My son has asked my to build a small vivarium specifically for VFT's. I am thinking of using a 10g vertical I already have assembled but is void of plants at the moment. Will this be big enough for a few VFT's and is there any other carnivorus plants that could be added? I understand these need a dormant period. How do you provide that?

Also, where does anyone suggest I acquire the plants? I see them in Lowes all the time but wasn't sure if that is a good source, bad source, or doesn't matter.

BTW, there will be no frogs added to this.

Bart


----------



## Scott (Feb 17, 2004)

Remember, VFT's need a dormant period.

I'm not sure how your proposed tank would work with that.

There are a number of excellent places to get Carnivorous Plants. California Carnivores has an excellent reputation and a wide variety (and a really good book written by the owner).

s


----------



## asplundii (Jul 15, 2008)

Honestly VFTs in a tank probably won't work unless you can really provide a winter spell for them for dormancy. There are ways you can grow them outside in your area but they take some doing.

If you want terrarium type plants best bet would be small Nepenthes, tropical Drosera and the Mexican Pinguicula.

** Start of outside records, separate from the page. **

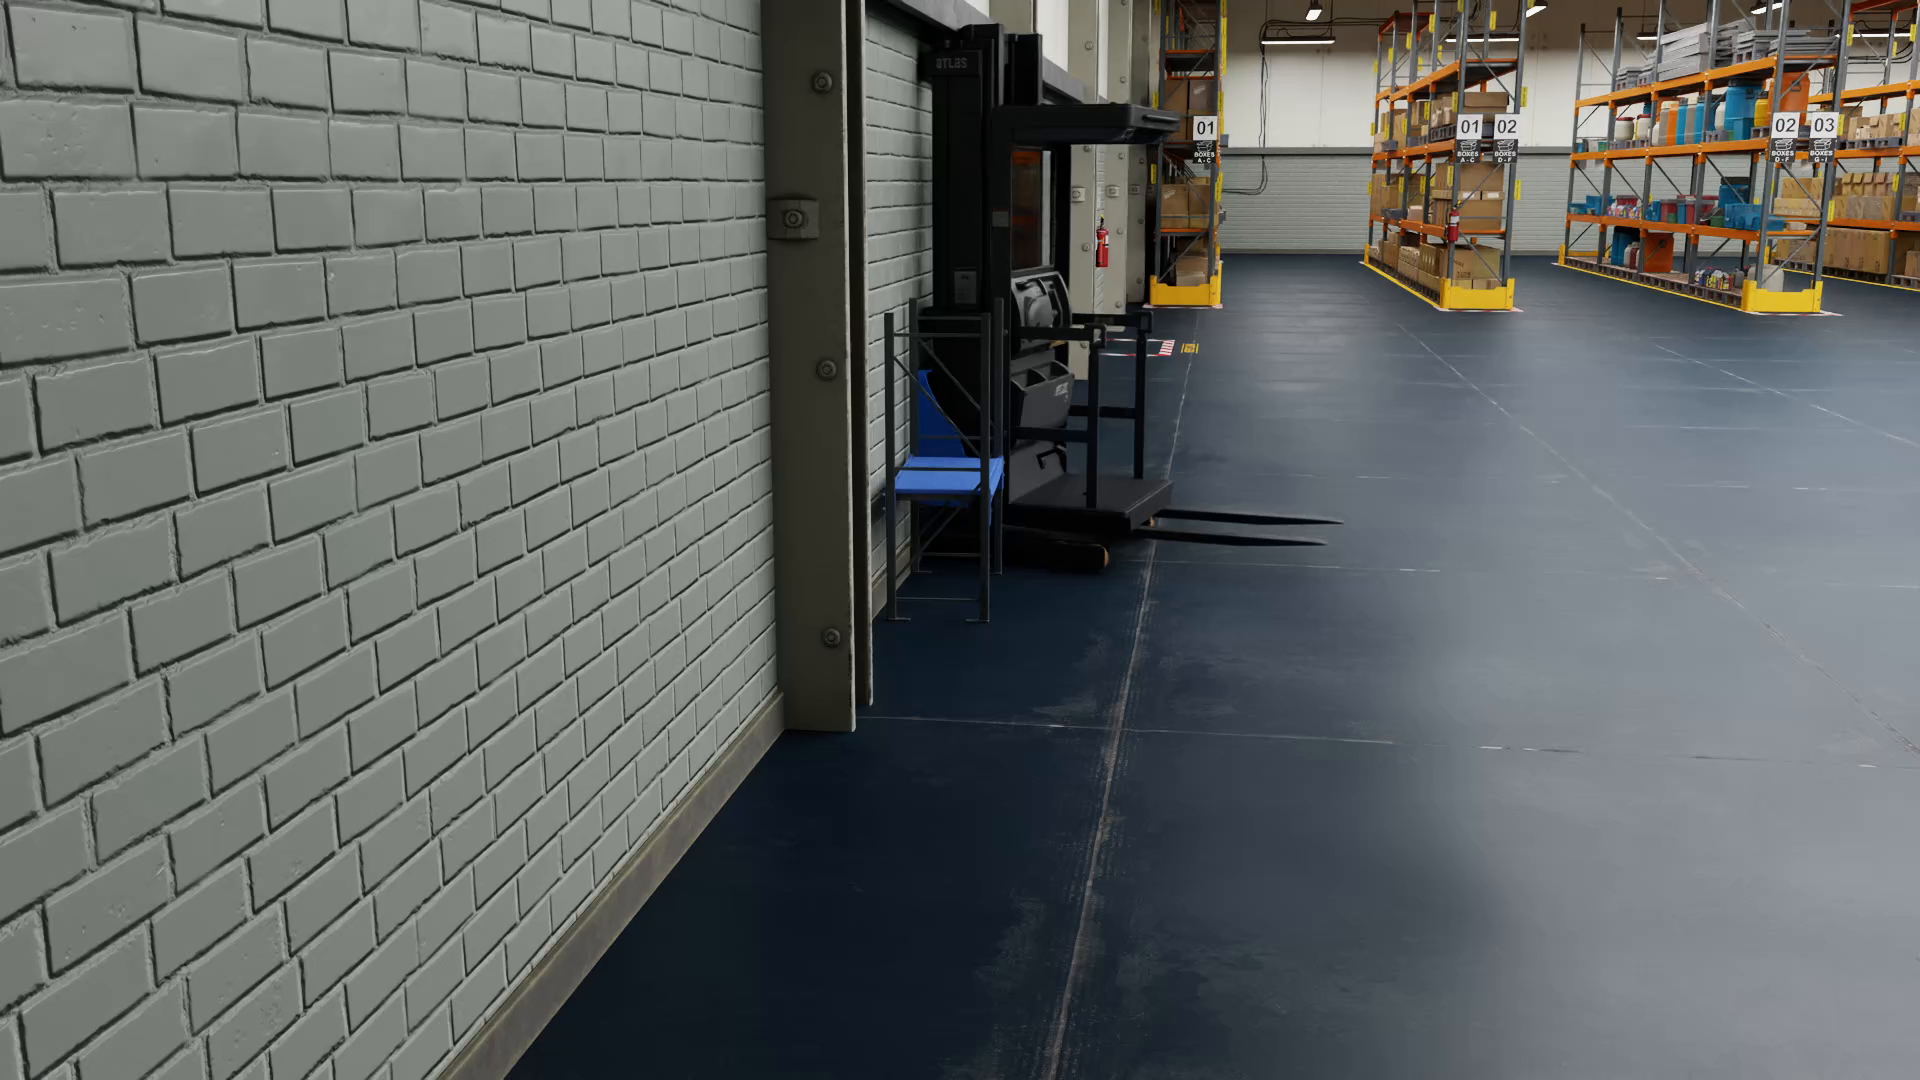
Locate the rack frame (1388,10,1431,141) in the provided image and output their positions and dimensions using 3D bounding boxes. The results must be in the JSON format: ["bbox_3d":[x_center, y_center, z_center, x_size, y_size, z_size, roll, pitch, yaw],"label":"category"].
[{"bbox_3d":[10.637,-10.854,38.998,1.000,3.000,0.127,2,12,9],"label":"rack frame"}]

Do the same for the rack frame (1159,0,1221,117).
[{"bbox_3d":[3.896,-8.516,28.148,1.000,3.000,0.127,2,12,9],"label":"rack frame"}]

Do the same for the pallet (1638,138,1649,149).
[{"bbox_3d":[15.130,-8.458,35.446,1.003,0.211,1.213,2,12,9],"label":"pallet"}]

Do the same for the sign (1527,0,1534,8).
[{"bbox_3d":[9.339,-8.871,27.202,0.100,0.325,0.005,2,12,9],"label":"sign"}]

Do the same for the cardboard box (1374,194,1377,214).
[{"bbox_3d":[10.769,-8.507,42.111,0.500,0.500,0.500,2,12,8],"label":"cardboard box"}]

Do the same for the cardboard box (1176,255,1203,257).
[{"bbox_3d":[4.391,-5.192,31.852,0.500,0.500,0.500,1,12,4],"label":"cardboard box"}]

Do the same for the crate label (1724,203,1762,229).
[{"bbox_3d":[13.701,-5.671,29.105,0.502,0.435,0.616,2,12,9],"label":"crate label"}]

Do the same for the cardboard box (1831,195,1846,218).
[{"bbox_3d":[20.107,-7.561,37.720,0.500,0.500,0.500,2,12,9],"label":"cardboard box"}]

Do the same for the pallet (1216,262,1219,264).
[{"bbox_3d":[5.697,-6.555,39.908,1.003,0.211,1.213,2,12,9],"label":"pallet"}]

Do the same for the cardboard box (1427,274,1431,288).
[{"bbox_3d":[8.800,-4.718,30.298,0.500,0.250,0.500,2,12,9],"label":"cardboard box"}]

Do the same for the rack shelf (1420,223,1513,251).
[{"bbox_3d":[9.099,-5.488,30.047,1.077,0.370,4.000,2,12,9],"label":"rack shelf"}]

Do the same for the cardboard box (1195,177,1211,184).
[{"bbox_3d":[5.455,-7.911,36.812,0.500,0.250,0.500,2,12,10],"label":"cardboard box"}]

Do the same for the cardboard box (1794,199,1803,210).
[{"bbox_3d":[20.470,-8.092,40.070,0.500,0.250,0.500,2,12,8],"label":"cardboard box"}]

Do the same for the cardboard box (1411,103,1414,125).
[{"bbox_3d":[10.252,-9.396,36.740,0.500,0.500,0.500,2,12,9],"label":"cardboard box"}]

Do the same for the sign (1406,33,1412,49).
[{"bbox_3d":[9.484,-10.532,35.100,0.100,0.325,0.005,2,12,9],"label":"sign"}]

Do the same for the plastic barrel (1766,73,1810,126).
[{"bbox_3d":[13.634,-7.249,27.374,0.600,0.830,0.708,2,12,9],"label":"plastic barrel"}]

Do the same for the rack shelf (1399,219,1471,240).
[{"bbox_3d":[9.714,-6.321,33.910,1.077,0.370,4.000,2,12,9],"label":"rack shelf"}]

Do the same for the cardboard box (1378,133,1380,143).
[{"bbox_3d":[10.761,-10.085,41.718,0.500,0.250,0.500,2,12,9],"label":"cardboard box"}]

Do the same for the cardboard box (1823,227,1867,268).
[{"bbox_3d":[20.346,-6.632,37.696,1.225,0.875,0.875,2,12,9],"label":"cardboard box"}]

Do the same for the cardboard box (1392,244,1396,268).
[{"bbox_3d":[10.013,-6.392,37.422,0.500,0.500,0.500,1,12,7],"label":"cardboard box"}]

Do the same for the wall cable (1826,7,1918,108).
[{"bbox_3d":[25.315,-14.003,45.973,2.277,5.999,0.120,2,12,9],"label":"wall cable"}]

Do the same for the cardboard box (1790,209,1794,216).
[{"bbox_3d":[20.464,-7.979,40.492,0.380,0.149,0.250,2,12,8],"label":"cardboard box"}]

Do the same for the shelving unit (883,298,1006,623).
[{"bbox_3d":[-0.064,-0.443,8.490,0.538,1.500,1.048,1,12,5],"label":"shelving unit"}]

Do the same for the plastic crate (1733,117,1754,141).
[{"bbox_3d":[13.681,-7.127,28.864,0.392,0.384,0.575,2,12,9],"label":"plastic crate"}]

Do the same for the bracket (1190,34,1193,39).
[{"bbox_3d":[6.696,-14.764,48.598,0.235,0.232,0.430,2,12,9],"label":"bracket"}]

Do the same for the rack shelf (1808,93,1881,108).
[{"bbox_3d":[20.732,-10.402,39.555,1.077,0.370,4.000,2,12,9],"label":"rack shelf"}]

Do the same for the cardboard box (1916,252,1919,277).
[{"bbox_3d":[19.653,-5.504,33.303,0.700,0.500,0.500,1,12,4],"label":"cardboard box"}]

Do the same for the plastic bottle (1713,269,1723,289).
[{"bbox_3d":[13.643,-4.694,29.897,0.144,0.351,0.185,2,12,11],"label":"plastic bottle"}]

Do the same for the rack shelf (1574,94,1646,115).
[{"bbox_3d":[15.838,-10.562,40.300,1.077,0.370,4.000,2,12,9],"label":"rack shelf"}]

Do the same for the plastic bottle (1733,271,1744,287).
[{"bbox_3d":[14.306,-4.795,30.542,0.152,0.276,0.135,2,12,9],"label":"plastic bottle"}]

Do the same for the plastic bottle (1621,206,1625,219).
[{"bbox_3d":[14.845,-7.329,37.185,0.097,0.271,0.097,0,12,0],"label":"plastic bottle"}]

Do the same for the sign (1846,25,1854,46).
[{"bbox_3d":[14.228,-8.074,26.594,0.100,0.325,0.005,2,12,9],"label":"sign"}]

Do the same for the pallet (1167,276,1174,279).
[{"bbox_3d":[4.629,-5.215,33.690,1.003,0.211,1.213,2,12,9],"label":"pallet"}]

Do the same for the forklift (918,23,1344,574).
[{"bbox_3d":[0.652,-1.374,9.412,3.031,2.935,1.130,5,13,21],"label":"forklift"}]

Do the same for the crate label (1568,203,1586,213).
[{"bbox_3d":[15.782,-8.500,42.568,0.416,0.233,0.303,2,12,9],"label":"crate label"}]

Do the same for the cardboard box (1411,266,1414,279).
[{"bbox_3d":[9.263,-5.318,33.081,0.500,0.250,0.500,2,12,8],"label":"cardboard box"}]

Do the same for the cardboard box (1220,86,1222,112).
[{"bbox_3d":[4.558,-8.093,30.648,0.500,0.500,0.500,1,12,7],"label":"cardboard box"}]

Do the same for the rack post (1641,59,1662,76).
[{"bbox_3d":[14.986,-9.975,35.100,0.954,0.300,0.937,2,12,9],"label":"rack post"}]

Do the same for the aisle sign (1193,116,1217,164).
[{"bbox_3d":[4.181,-6.829,28.392,0.394,0.787,0.004,2,12,9],"label":"aisle sign"}]

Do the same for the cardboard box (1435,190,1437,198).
[{"bbox_3d":[9.097,-6.466,31.101,0.380,0.149,0.250,2,12,7],"label":"cardboard box"}]

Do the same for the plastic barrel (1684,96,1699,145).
[{"bbox_3d":[14.264,-8.055,31.941,0.600,0.901,0.600,0,12,0],"label":"plastic barrel"}]

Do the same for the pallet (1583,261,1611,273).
[{"bbox_3d":[15.605,-6.551,39.892,1.003,0.211,1.213,2,12,9],"label":"pallet"}]

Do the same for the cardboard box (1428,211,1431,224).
[{"bbox_3d":[9.360,-6.379,32.794,0.396,0.266,0.258,2,12,7],"label":"cardboard box"}]

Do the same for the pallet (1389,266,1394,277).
[{"bbox_3d":[10.364,-6.133,37.951,1.003,0.211,1.213,2,12,9],"label":"pallet"}]

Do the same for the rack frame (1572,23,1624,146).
[{"bbox_3d":[16.146,-11.525,42.113,1.000,3.000,0.127,2,12,9],"label":"rack frame"}]

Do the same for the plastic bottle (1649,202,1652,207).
[{"bbox_3d":[15.684,-7.496,37.771,0.144,0.351,0.185,2,12,9],"label":"plastic bottle"}]

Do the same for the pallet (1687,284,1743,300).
[{"bbox_3d":[14.156,-4.593,30.806,1.003,0.211,1.213,2,12,9],"label":"pallet"}]

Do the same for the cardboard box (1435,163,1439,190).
[{"bbox_3d":[9.344,-6.847,31.326,0.700,0.500,0.500,2,12,9],"label":"cardboard box"}]

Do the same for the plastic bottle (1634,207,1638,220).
[{"bbox_3d":[14.657,-7.075,36.006,0.097,0.271,0.097,0,12,0],"label":"plastic bottle"}]

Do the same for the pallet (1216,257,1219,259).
[{"bbox_3d":[6.121,-7.128,42.570,1.003,0.211,1.213,2,12,9],"label":"pallet"}]

There are good sources for CPs and there are a few bad ones. Lowes/Home Depot typically have the "cube o death" and those are not that bad if you get to them before they are all dried out and etiolated. And there are dozens of online vendors. Only one of those I would say to avoid is Peter Paul's Nursery, most any of the others are fine though. And you could also try checking with the NECPS which is sort of local to your area. They have meetings with plant swaps and such.


----------



## tonying (Mar 6, 2008)

About the winter dormancy, it's important to keep in mind that they're quite sensitive while dormant. I lost my only VFT during winter dormancy, probably because I disturbed it too much by changing soil (next time I'll try pure peat moss).


----------



## scream-aim-fire (Mar 1, 2008)

if i were you i would build a 10gal horizontal tank for the vft, because they do not need a tall tank. about the dormant period you can imitate this by either removing the vfts from the tank plant it in a pot, seal it up in a bag so that it can keep moister, then placing the plant in the refrigerator for like 3 month. while the plant is in its dormant period it dosnt need light so it will be fine in a dark fridge. or if you have a fridge that you can fit the whole tank in you can do it that way, aslong as the tank is sealed to retain moister. the other option is to put the tank outside over the winter if you live somewhere that you dont have to worry about freezing.


----------